■ Source information
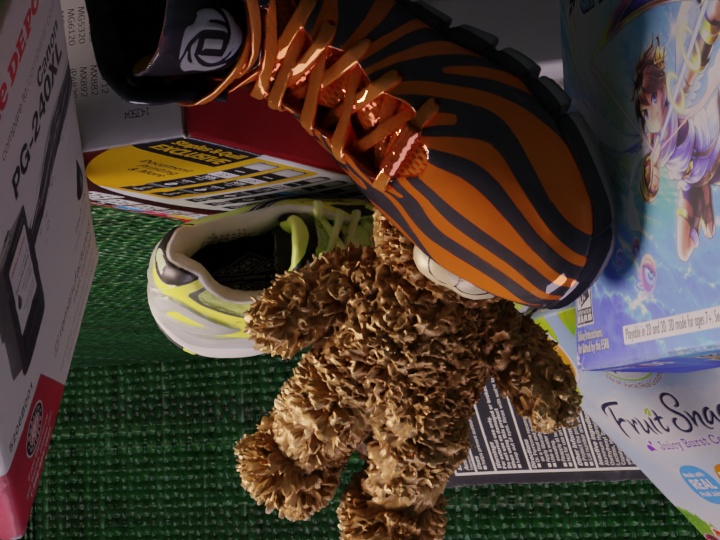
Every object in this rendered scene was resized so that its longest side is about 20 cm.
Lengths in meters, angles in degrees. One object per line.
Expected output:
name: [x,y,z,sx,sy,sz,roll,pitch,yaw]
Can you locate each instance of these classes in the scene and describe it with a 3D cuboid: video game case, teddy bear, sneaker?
video game case: [0.112,-0.067,0.579,0.045,0.182,0.200,1,173,-15]
teddy bear: [0.019,0.039,0.859,0.200,0.145,0.067,-47,177,22]
sneaker: [-0.016,-0.056,0.621,0.112,0.200,0.078,-14,142,-52]
sneaker: [0.000,0.000,0.917,0.199,0.076,0.076,-11,163,-2]

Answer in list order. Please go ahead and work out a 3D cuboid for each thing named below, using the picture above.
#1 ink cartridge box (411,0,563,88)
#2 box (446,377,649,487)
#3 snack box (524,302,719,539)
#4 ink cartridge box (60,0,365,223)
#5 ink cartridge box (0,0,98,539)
ink cartridge box: [0.092,-0.097,0.827,0.115,0.068,0.200,-5,173,29]
box: [0.132,0.025,1.276,0.198,0.201,0.123,-8,-168,45]
snack box: [0.183,0.065,0.911,0.068,0.200,0.169,-46,-172,-21]
ink cartridge box: [-0.060,-0.079,0.875,0.175,0.084,0.200,-7,173,28]
ink cartridge box: [-0.156,-0.018,0.718,0.083,0.146,0.200,6,141,4]
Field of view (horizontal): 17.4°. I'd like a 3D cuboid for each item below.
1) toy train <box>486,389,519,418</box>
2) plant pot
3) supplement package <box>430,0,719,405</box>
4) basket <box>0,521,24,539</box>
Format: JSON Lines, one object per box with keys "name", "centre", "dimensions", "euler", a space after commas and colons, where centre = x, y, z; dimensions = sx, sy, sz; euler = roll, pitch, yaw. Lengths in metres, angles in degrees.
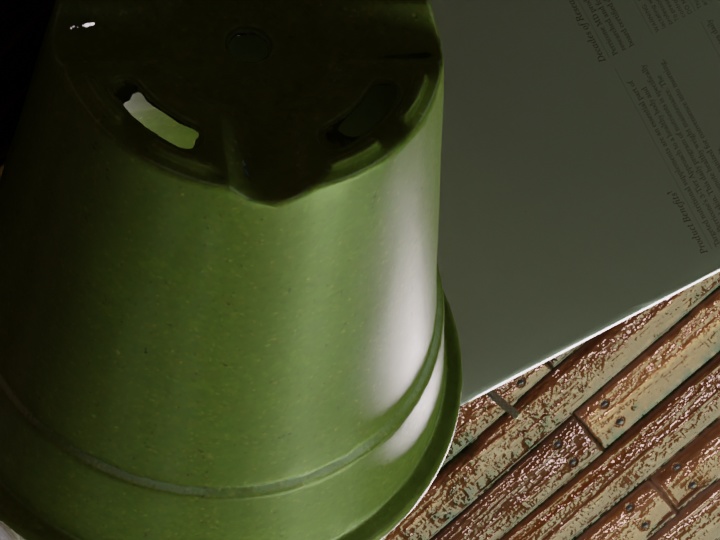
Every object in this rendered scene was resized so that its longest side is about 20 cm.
{"name": "toy train", "centre": [0.000, 0.000, 1.146], "dimensions": [0.085, 0.200, 0.116], "euler": [-43, 170, 21]}
{"name": "plant pot", "centre": [-0.046, -0.021, 0.795], "dimensions": [0.200, 0.200, 0.190], "euler": [-38, 160, -30]}
{"name": "supplement package", "centre": [0.094, -0.076, 1.027], "dimensions": [0.200, 0.191, 0.147], "euler": [-28, 179, 14]}
{"name": "basket", "centre": [-0.210, 0.188, 1.225], "dimensions": [0.136, 0.200, 0.123], "euler": [-41, -179, 8]}
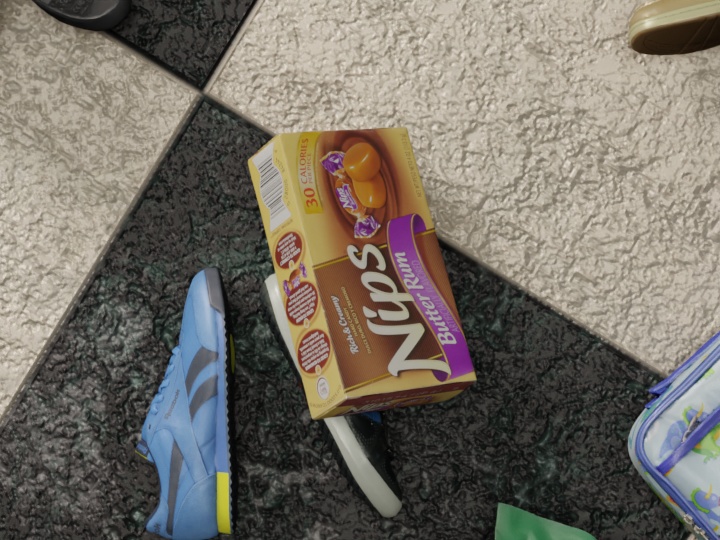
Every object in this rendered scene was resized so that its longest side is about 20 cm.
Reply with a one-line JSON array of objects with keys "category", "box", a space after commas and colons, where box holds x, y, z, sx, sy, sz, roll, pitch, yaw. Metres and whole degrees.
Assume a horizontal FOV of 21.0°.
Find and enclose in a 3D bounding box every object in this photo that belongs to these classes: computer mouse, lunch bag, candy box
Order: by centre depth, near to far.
[{"category": "candy box", "box": [0.000, 0.000, 1.406, 0.116, 0.056, 0.202, -5, 71, -33]}, {"category": "lunch bag", "box": [0.305, 0.114, 1.432, 0.200, 0.082, 0.161, -42, 85, -4]}, {"category": "computer mouse", "box": [-0.259, -0.243, 1.479, 0.199, 0.034, 0.059, 35, 77, 9]}]

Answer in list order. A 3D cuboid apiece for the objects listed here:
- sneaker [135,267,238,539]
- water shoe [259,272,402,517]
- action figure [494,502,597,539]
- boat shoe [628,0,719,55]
[{"category": "sneaker", "box": [-0.130, 0.099, 1.438, 0.078, 0.066, 0.202, 0, 87, 3]}, {"category": "water shoe", "box": [-0.002, 0.082, 1.436, 0.078, 0.072, 0.201, -26, 88, -8]}, {"category": "action figure", "box": [0.188, 0.246, 1.435, 0.198, 0.055, 0.119, 10, 85, -7]}, {"category": "boat shoe", "box": [0.286, -0.216, 1.461, 0.199, 0.073, 0.063, -18, 77, -13]}]
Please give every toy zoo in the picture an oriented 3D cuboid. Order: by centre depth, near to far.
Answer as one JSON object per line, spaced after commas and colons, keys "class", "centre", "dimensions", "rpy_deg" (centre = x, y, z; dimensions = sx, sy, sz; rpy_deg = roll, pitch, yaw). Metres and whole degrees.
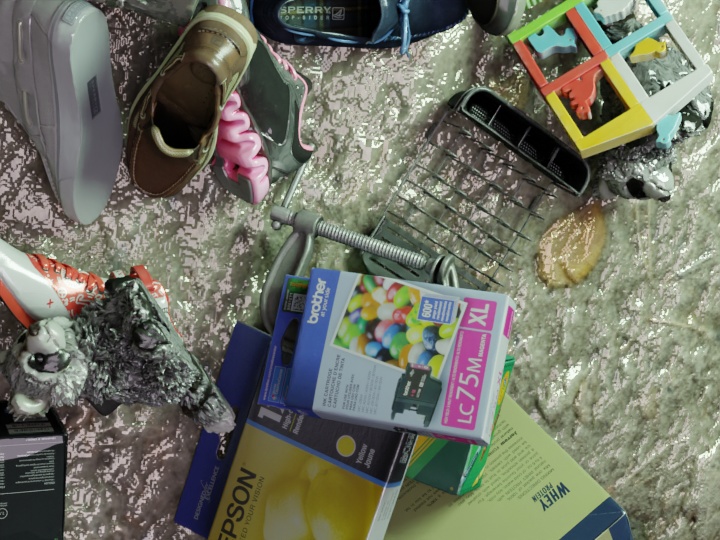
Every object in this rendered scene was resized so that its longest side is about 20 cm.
{"class": "toy zoo", "centre": [0.213, -0.187, 1.262], "dimensions": [0.131, 0.200, 0.020], "rpy_deg": [-30, 157, 5]}

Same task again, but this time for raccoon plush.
{"class": "raccoon plush", "centre": [-0.196, 0.101, 1.159], "dimensions": [0.134, 0.097, 0.200], "rpy_deg": [-33, 119, -2]}
{"class": "raccoon plush", "centre": [0.252, -0.161, 1.350], "dimensions": [0.096, 0.134, 0.201], "rpy_deg": [-3, 69, -15]}

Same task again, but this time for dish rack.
{"class": "dish rack", "centre": [0.099, -0.051, 1.321], "dimensions": [0.153, 0.055, 0.200], "rpy_deg": [32, 90, -25]}

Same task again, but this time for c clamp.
{"class": "c clamp", "centre": [0.000, 0.000, 1.225], "dimensions": [0.200, 0.027, 0.171], "rpy_deg": [25, 80, 17]}

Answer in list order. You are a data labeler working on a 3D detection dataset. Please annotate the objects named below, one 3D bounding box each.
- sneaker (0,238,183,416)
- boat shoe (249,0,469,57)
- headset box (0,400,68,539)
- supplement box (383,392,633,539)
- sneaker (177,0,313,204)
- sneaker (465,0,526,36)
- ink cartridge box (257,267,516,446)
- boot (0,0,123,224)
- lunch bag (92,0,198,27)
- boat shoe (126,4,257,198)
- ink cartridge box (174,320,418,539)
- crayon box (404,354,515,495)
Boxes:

■ What to do
A reply should hold exactly the lines from the one containing "- boot (0,0,123,224)" through the end of the data above, nothing more.

■ Written answer
- boot (0,0,123,224)
- lunch bag (92,0,198,27)
- boat shoe (126,4,257,198)
- ink cartridge box (174,320,418,539)
- crayon box (404,354,515,495)
Boxes:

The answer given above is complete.